To do:
Search the records below for the word "figurine". Pull out each line that has it.
Content starts
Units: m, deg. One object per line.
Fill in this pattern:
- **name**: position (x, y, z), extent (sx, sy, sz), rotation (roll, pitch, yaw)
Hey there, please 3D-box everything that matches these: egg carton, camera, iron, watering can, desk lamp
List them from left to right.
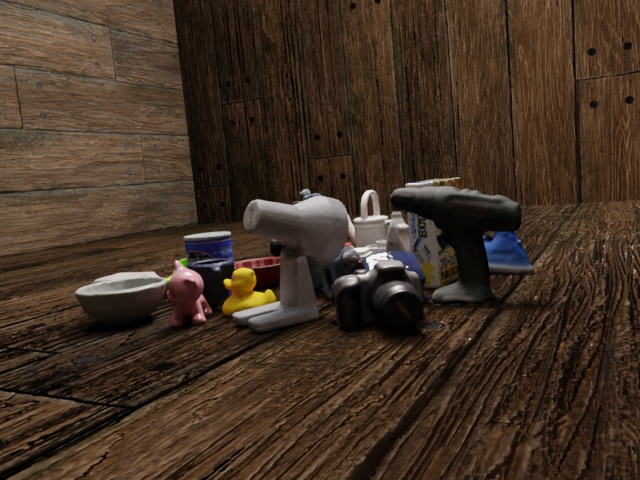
- **egg carton**: position (-0.420, 0.111, 1.245), extent (0.150, 0.069, 0.107), rotation (-3, 7, 21)
- **desk lamp**: position (-0.050, 0.032, 0.990), extent (0.204, 0.213, 0.117), rotation (-10, 8, -36)
- **watering can**: position (0.138, -0.044, 1.635), extent (0.172, 0.194, 0.101), rotation (-4, 6, 12)
- **camera**: position (0.097, 0.086, 0.884), extent (0.143, 0.101, 0.137), rotation (-6, 6, -4)
- **iron**: position (0.370, -0.002, 1.297), extent (0.119, 0.141, 0.257), rotation (-9, 7, -33)

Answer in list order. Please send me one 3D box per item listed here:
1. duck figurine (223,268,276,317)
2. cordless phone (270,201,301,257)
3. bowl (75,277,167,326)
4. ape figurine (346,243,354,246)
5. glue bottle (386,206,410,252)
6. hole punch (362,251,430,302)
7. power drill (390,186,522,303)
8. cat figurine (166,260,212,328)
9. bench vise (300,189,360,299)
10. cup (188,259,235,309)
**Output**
Content ends
Solution to this exercise:
1. duck figurine (223,268,276,317)
4. ape figurine (346,243,354,246)
8. cat figurine (166,260,212,328)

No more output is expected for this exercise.